A boy with a shotgun that shot only corks, and a Labrador retriever who did not retrieve. |
The yellow Lab's name was Misty. Dad got her cheap. She had been bred several times. He thought she might make a hunting dog. He was wrong. In his phrase, "She wouldn't retrieve hamburger."
He tried to train her, but Misty was just not interested. Maybe he was too impatient. Who knows?
On the other hand, she was sweet-tempered and never harmed anyone. She was an outdoor dog — Dad bought a set of plans and some sheets of plywood and built her that two-roomed doghouse, which was placed on the south side of the house with the inner room generously piled with straw — and she spent South Dakota winters out there. One summer she wandered off, and despite all the searching, was never found again.
The boy, well, he didn't know anything. When Misty followed him to school during first grade, he dragged her home again, then arrived at his classroom crying because he was tardy and embarassed.
The next year, Misty was replaced by Fritz the dachshund, litttermate of Dad's buddy's dog, who for some reason needed a home. Fifteen pounds of dog, but he weighed about sixty pounds in his own mind — which got him into trouble once or twice.

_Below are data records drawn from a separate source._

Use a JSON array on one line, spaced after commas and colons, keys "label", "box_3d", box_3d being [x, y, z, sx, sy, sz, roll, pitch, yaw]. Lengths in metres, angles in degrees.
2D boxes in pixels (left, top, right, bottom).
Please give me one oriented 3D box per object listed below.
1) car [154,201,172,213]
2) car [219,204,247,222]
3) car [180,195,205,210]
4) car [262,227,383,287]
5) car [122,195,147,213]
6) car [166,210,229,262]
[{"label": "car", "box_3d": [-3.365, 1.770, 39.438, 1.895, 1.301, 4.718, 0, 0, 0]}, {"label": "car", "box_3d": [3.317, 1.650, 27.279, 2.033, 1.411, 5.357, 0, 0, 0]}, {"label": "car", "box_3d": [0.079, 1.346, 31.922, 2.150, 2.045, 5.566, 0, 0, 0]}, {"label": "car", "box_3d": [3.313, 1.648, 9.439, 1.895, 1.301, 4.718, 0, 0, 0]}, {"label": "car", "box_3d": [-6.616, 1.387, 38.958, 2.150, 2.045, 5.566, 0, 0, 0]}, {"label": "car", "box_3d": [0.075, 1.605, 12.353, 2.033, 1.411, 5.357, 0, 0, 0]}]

Nevertheless, Fritz went small-game hunting, camping, and backpacking. The month before the boy went off to college in Oregon, Fritz suffered a heart attack or something on a camping trip and never fully recoverered. After an interval, his condition worsened and he had to be put down; the boy never saw him again.
But he knew where Fritz's grave was on the Pike National Forest and visited it occasionally in future years.